Massive protests demand justice for rail accident victims – DW – 01/27/2025

Thousands of protesters gathered in Greece on Sunday to demand justice for the 57 victims of the country’s deadliest rail crash in 2023.

Demonstrations began in 97 cities in Greece and 13 places abroad. Marchers in the largest Greek cities of Athens and Thessaloniki had 30,000 and 16,000 protesters, respectively.

“What is happening today is fantastic,” Pavlos Aslanidis, the father of one victim, told media in Thessaloniki. “This is a global fight now,” he said, referring to protests abroad.

“My son’s soul must be rejoicing… I am confident that we will win. We have set the kingdom against us, but we will win.”

Protesters, including relatives of victims of a deadly train crash in 2023 that killed 57 people, demonstrate outside the Parliament building on January 26
Athens saw the largest protests with over 30,000 protesters.Image: Stelios Misinas/Reuters

protest scenes

Protests across Greece were mostly peaceful, apart from incidents of people attacking police forces with stones and fire, and officers responding with tear gas and flash-bang grenades. However, these incidents only lasted a few minutes.

DW’s Sophia Kleftaki, who was at the demonstration in Athens, said one person was injured in the clashes.

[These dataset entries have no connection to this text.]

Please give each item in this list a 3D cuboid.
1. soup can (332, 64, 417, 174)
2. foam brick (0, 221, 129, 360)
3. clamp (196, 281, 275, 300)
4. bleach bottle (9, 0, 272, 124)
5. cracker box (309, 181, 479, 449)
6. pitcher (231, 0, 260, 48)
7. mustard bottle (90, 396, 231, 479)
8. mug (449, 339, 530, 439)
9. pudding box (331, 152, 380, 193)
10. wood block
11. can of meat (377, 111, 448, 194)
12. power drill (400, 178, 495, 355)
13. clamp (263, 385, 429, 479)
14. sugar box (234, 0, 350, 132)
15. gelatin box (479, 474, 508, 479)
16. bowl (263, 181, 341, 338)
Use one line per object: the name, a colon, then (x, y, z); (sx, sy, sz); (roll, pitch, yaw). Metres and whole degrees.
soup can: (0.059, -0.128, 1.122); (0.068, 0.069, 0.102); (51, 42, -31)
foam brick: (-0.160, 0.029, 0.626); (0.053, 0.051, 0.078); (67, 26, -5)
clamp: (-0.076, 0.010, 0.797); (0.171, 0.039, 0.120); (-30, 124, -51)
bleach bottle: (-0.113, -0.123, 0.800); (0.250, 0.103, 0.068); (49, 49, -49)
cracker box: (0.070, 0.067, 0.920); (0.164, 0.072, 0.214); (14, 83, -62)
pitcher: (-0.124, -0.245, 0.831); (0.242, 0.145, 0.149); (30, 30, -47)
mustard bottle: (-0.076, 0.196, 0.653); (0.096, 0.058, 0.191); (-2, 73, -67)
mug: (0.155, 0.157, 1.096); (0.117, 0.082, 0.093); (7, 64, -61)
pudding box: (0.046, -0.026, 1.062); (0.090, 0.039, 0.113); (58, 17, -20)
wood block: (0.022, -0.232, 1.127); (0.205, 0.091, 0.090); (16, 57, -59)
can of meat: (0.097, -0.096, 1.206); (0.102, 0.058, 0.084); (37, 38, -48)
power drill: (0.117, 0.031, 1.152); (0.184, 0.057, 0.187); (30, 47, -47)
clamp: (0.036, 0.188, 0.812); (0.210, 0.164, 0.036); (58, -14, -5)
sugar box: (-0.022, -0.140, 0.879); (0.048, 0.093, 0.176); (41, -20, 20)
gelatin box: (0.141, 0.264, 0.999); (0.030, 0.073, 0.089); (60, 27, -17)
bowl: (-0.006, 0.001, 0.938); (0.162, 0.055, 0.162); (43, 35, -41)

The demonstration blocked off much of central Athens.

Ilias Papangelis, whose 18-year-old daughter was among those killed, told the crowd of protesters, “Two years after the tragedy, no one has been punished, no one is in jail.”

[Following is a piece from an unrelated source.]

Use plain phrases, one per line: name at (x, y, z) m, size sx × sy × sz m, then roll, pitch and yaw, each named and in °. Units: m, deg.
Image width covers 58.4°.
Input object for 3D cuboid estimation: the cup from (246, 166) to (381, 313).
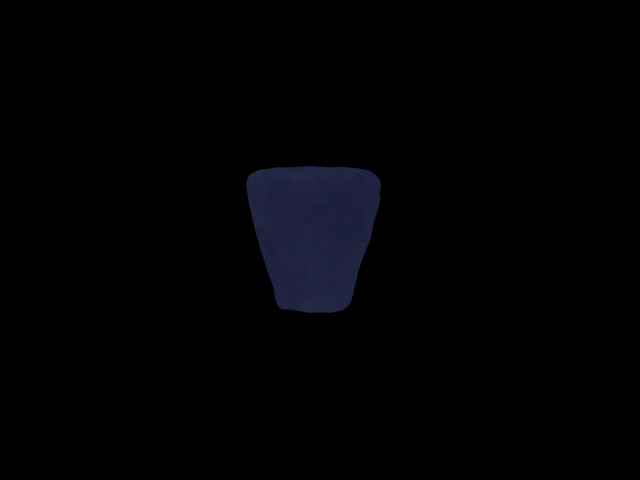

“This has been the most mafia-like cover-up operation,” Maria Christianou, whose daughter died in the crash, told Athens protesters marching outside the parliament building on Sunday.

Protesters held placards and chanted, “I have no oxygen” – the final words that left Caristianou heartbroken by her daughter, who called the European emergency number 112 to report the incident. Many in the crowd chanted “Murderer!” Raised slogans.

Other banners read: “We do not forget, we do not forgive” and “Justice, do not forget.” Some people accused the government of having blood on its hands.

More protests were held in London, Amsterdam, Berlin, Brussels, Cologne, Helsinki, Nicosia, Reykjavik and Valletta, Malta.

about the disaster

The accident occurred on February 28, 2023 when a passenger train collided head-on with a goods train after both were mistakenly placed on the same track.

Many rumors have surfaced regarding the cause of the scale of the disaster.

Families of the victims and protesters believe the government is hiding evidence and conducting an opaque investigation while trying to blame the disaster on the station master.

Many believe that about 30 of the 57 victims survived the initial high-speed crash, but died in a fire caused by hazardous chemicals in the freight train.

The leak of a report funded by the victims’ families appears to confirm that the freight train was carrying an illegal load of explosive chemicals.

Greeks are still awaiting trial over the disaster, a process pushed back by lengthy investigations, delays in reports by technical experts and even new additions to the list of witnesses from groups of survivors and victims. Has gone.